The combination of high food costs, limited income and poor food support systems can lead to food insecurity. People with food insecurity are more likely to deal with other problems related to academics, physical health and emotions. In a new study, researchers set out to examine the effects of food insecurity on college students, who are often considered one of the most vulnerable groups due to the lack of monetary funds in combination with high stress levels. The researchers reported that surprisingly, a huge percentage of college students deals with food insecurity.

"Based on other research that's been done, we expected some amount of food concerns among college students," said Daniel López-Cevallos, associate director of research at Oregon State University's Center for Latino/a Studies and Engagement. "But it was shocking to find food insecurity of this severity. Several recent trends may be combining to cause this."

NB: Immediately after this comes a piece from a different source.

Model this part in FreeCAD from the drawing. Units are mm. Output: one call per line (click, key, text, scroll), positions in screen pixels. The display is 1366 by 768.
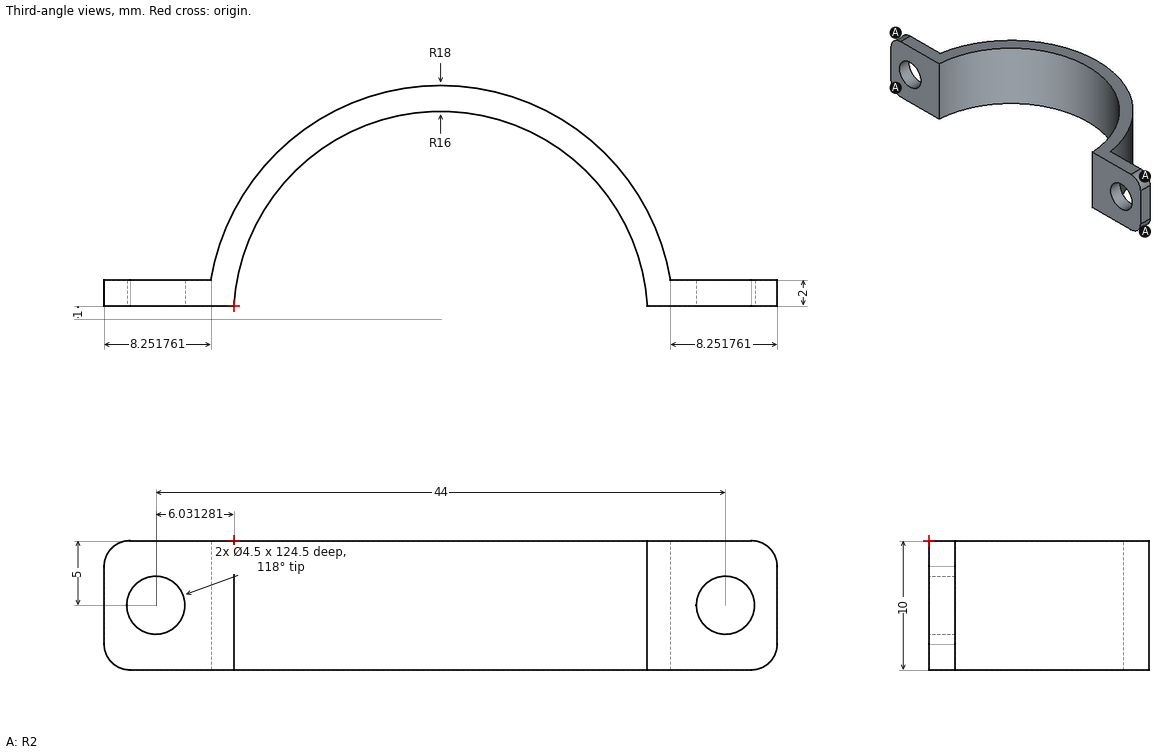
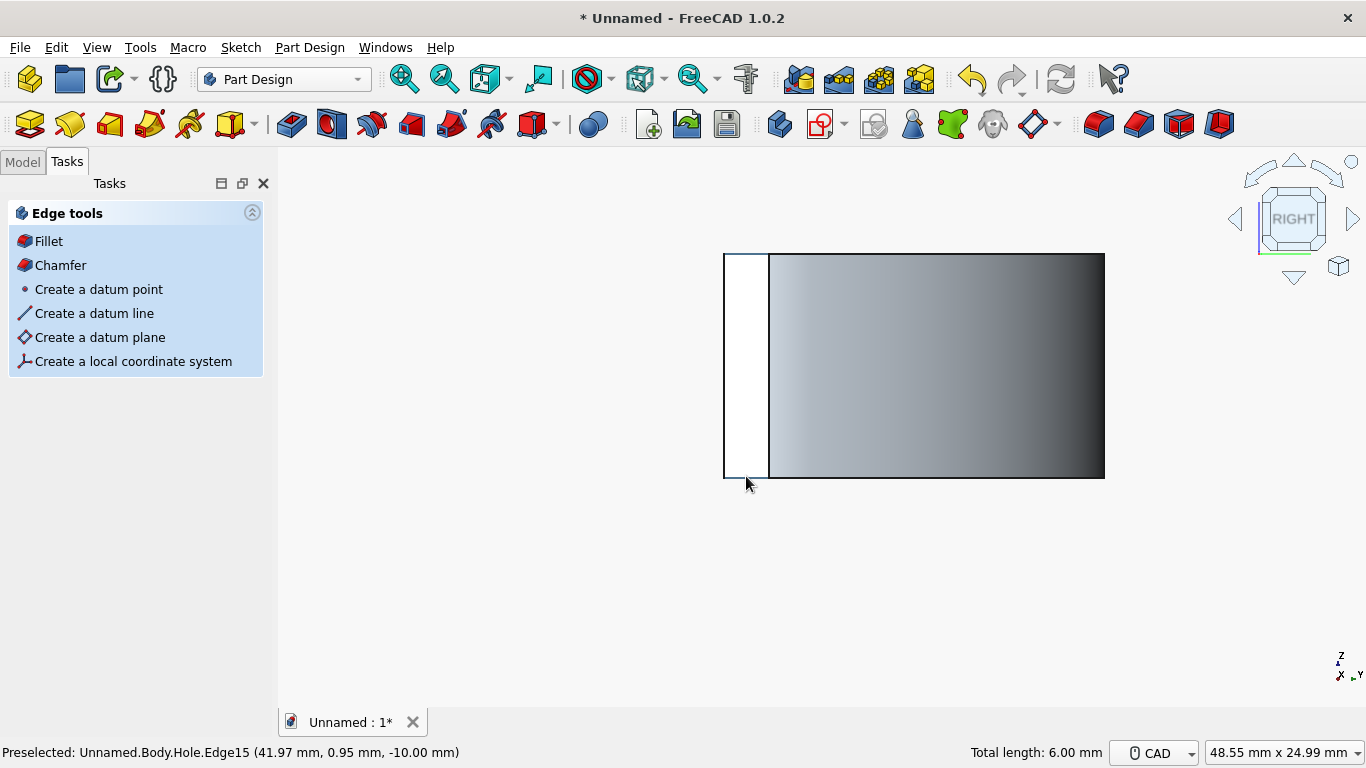
click(406, 80)

For this study, the researchers came from the Benton County Health Department, and Western Oregon University. Researchers surveyed 354 students attending Western Oregon. The team defined food insecurity as limited accessibility to nutritionally sufficient and safe food options. People with food insecurity might have difficult finding available options and might not be able to acquire foods in acceptable ways.

Based from this sample set of 19 to 24-year-olds, the researchers found that 59 percent of the college students had some concerns over accessing good food options. The percentage of all households within the United States that have these similar concerns is 14.9. The researchers also reported that over the past 30 years, higher education costs have slowly outpaced inflation, living costs and medical expenses.

The team stated that food insecurity during one's college years could be detrimental for cognitive, academic and psychosocial development. Lastly, the researchers tied food insecurity to lower levels of health, lower grade point average, low income and employment. The researchers reported that having a job did not prevent food insecurity. Some of the students that reported food insecurity were working 18 hours per week.

"One thing that's clear is that colleges and universities need to be having this conversation and learning more about the issues their students may be facing," said López-Cevallos according to Medical Xpress. "There may be steps to take locally that could help, and policies that could be considered nationally. But it does appear this is a very serious issue that has not received adequate attention, and we need to explore it further."

The findings were published in the Journal of Nutrition Education and Behavior.